───── DATASET RECORDS ─────

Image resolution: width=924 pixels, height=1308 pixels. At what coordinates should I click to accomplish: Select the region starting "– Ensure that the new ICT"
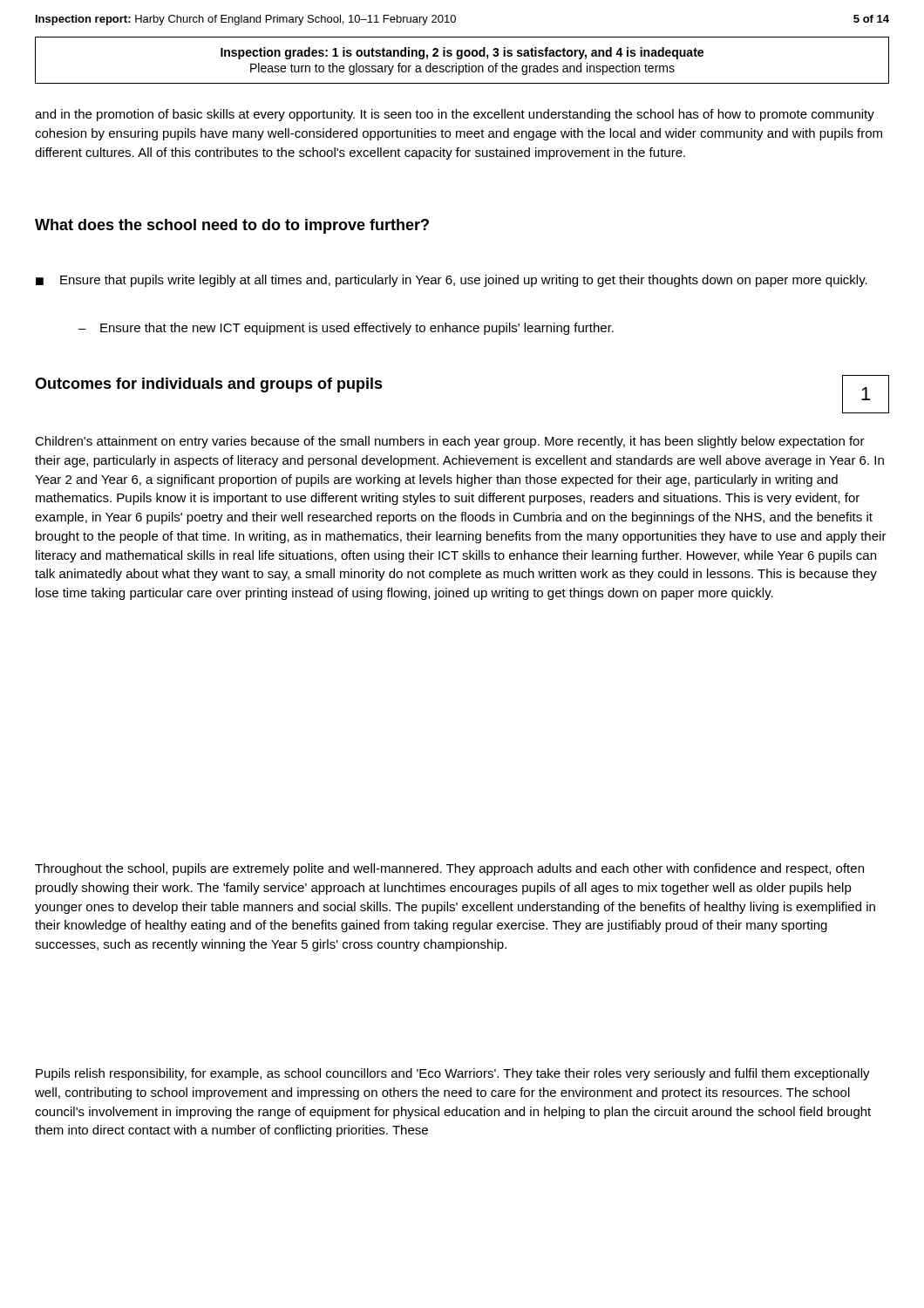click(x=484, y=328)
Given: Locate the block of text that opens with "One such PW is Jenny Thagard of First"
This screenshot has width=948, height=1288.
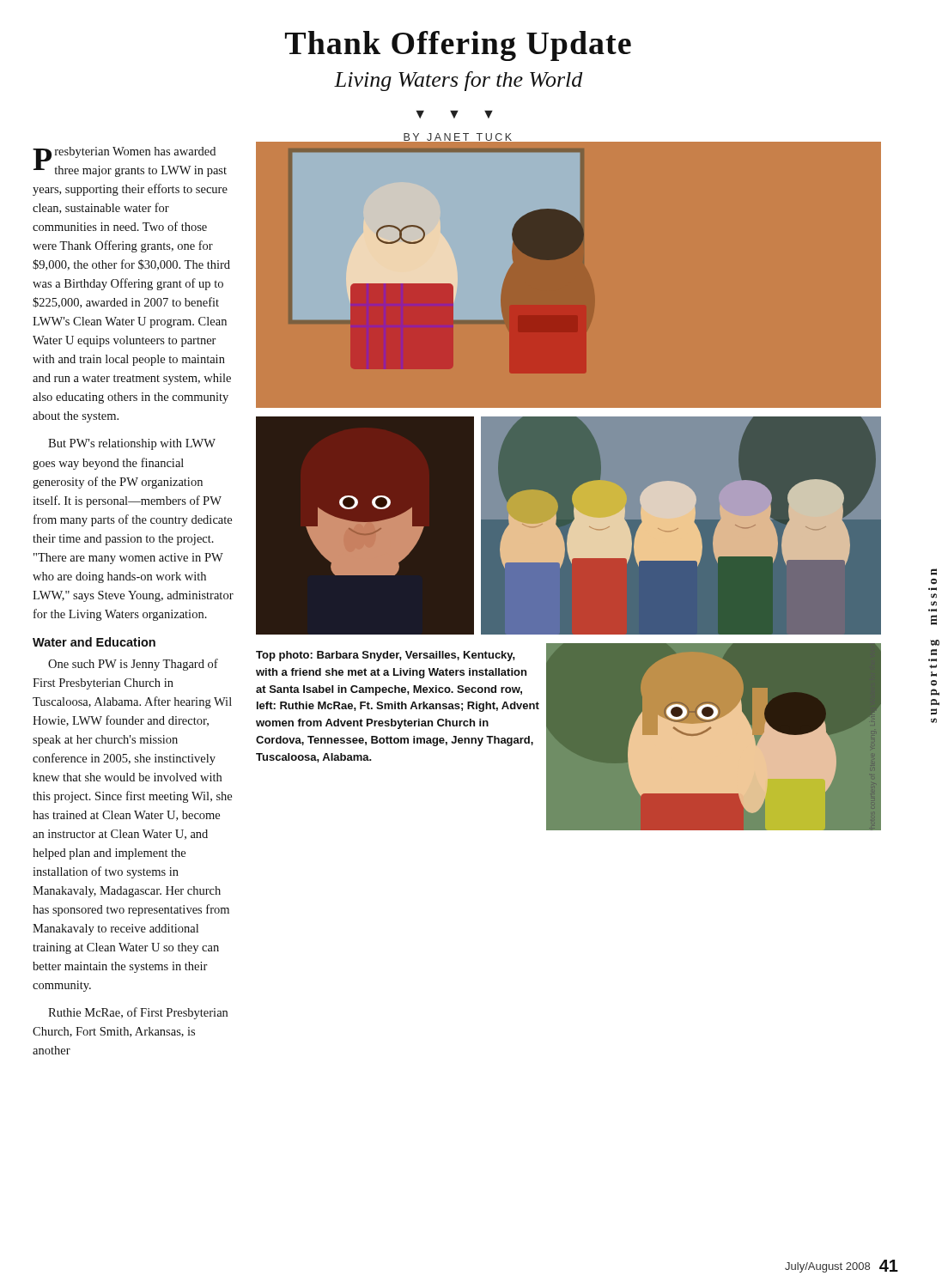Looking at the screenshot, I should point(133,824).
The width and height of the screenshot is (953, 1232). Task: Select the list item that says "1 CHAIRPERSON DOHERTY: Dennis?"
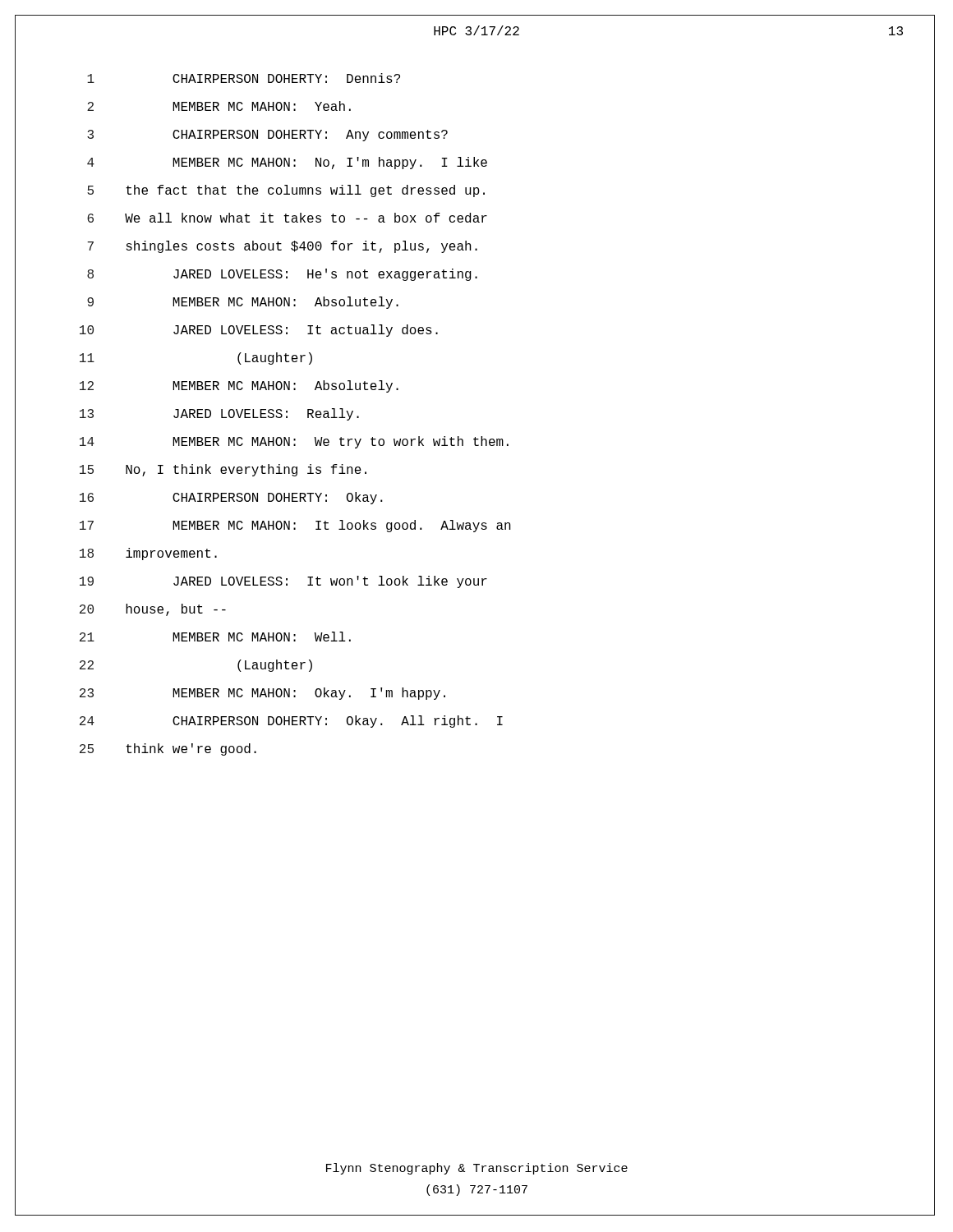[244, 78]

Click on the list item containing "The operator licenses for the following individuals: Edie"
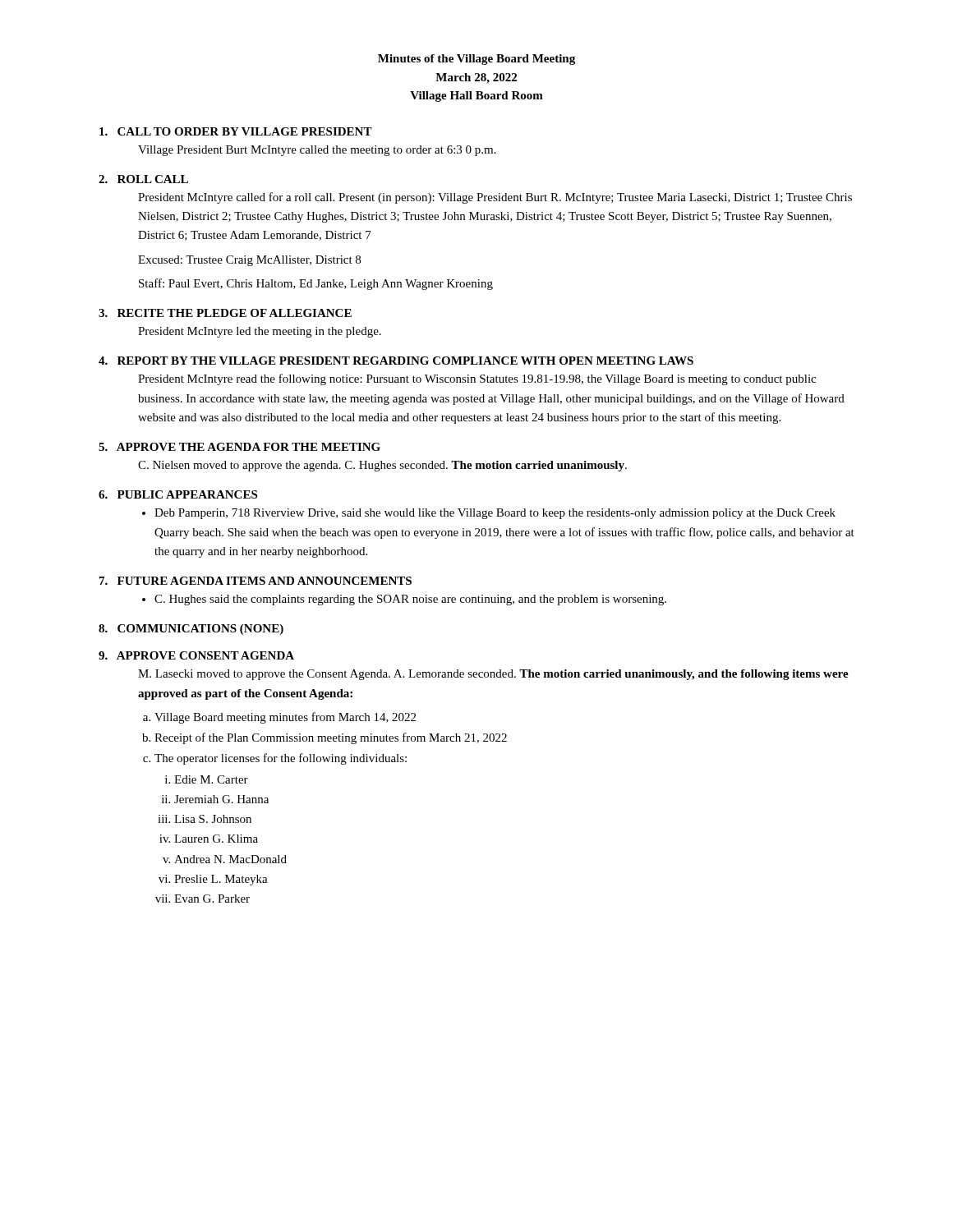pos(281,759)
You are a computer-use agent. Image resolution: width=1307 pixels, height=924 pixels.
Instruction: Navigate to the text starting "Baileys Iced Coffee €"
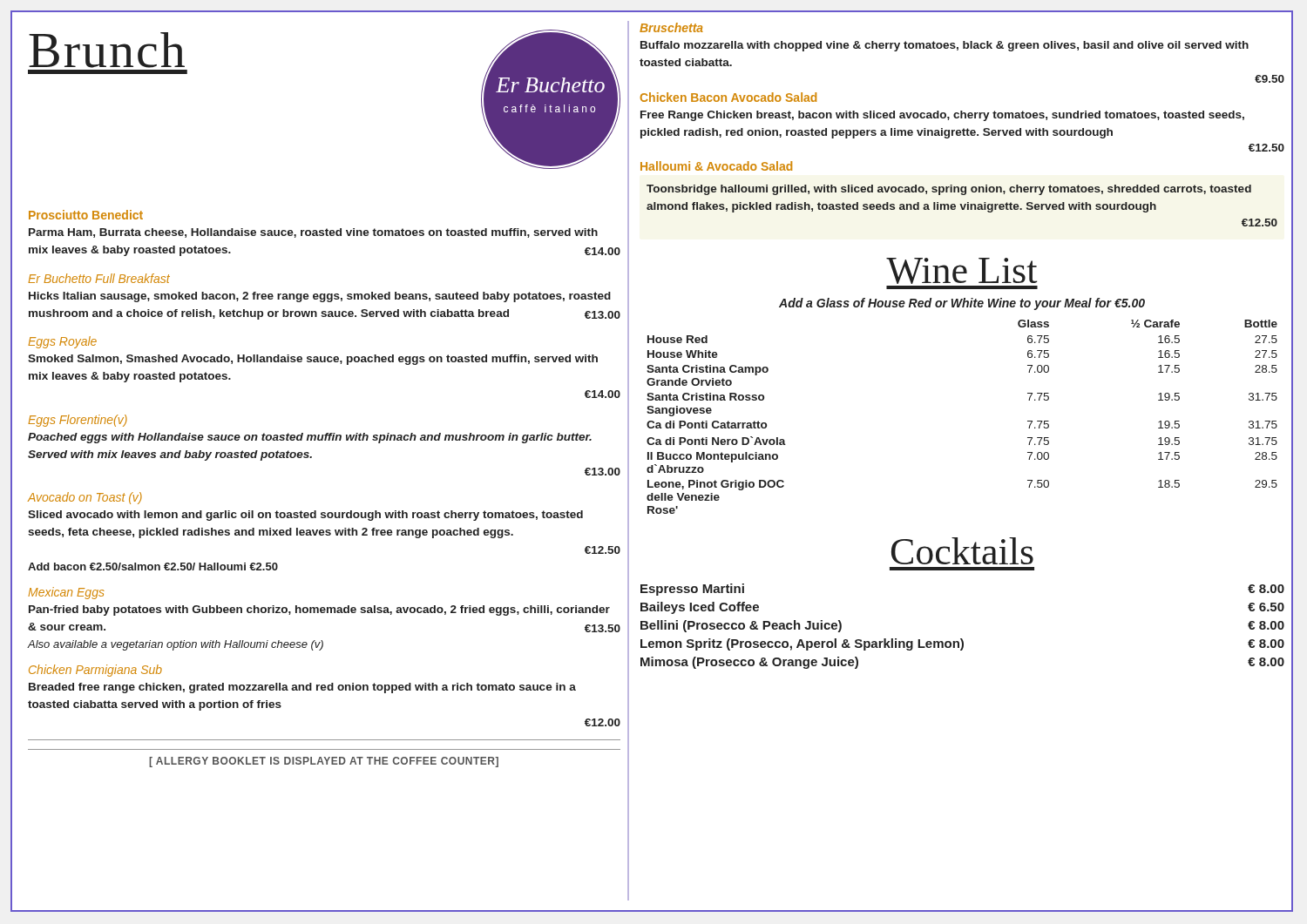695,607

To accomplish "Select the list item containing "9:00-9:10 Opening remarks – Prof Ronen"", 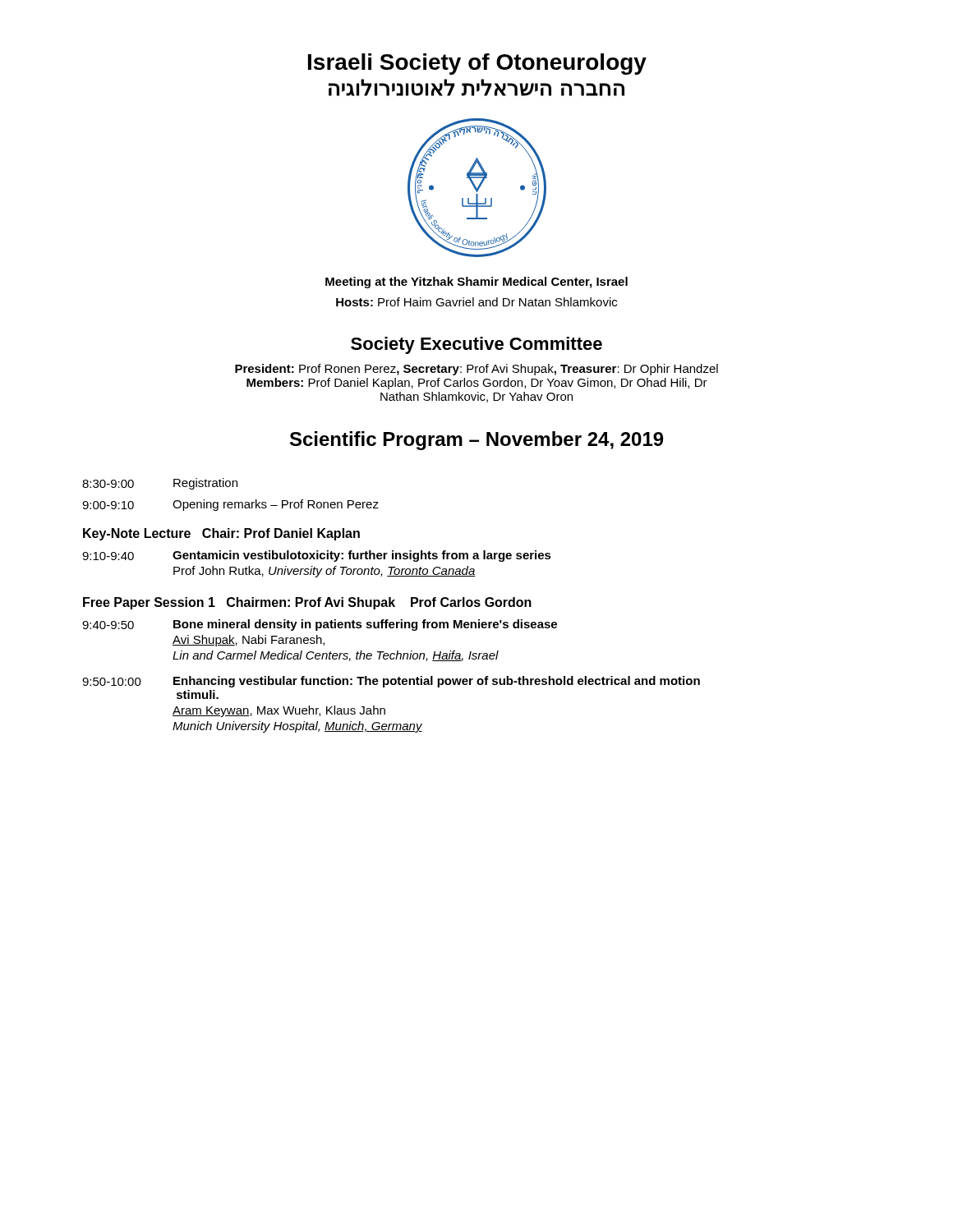I will 230,505.

─────

== WORK REQUIRED ==
Repeat the records above exactly, from the first line through the line that contains "Given: Locate the", and leave out the pictures.

== TASK OUTPUT ==
Image resolution: width=924 pixels, height=1308 pixels. At what coordinates should I click to accomplish: Select the region starting "– Ensure that the new ICT"
click(x=484, y=328)
Given: Locate the block of text that opens with "One such PW is Jenny Thagard of First"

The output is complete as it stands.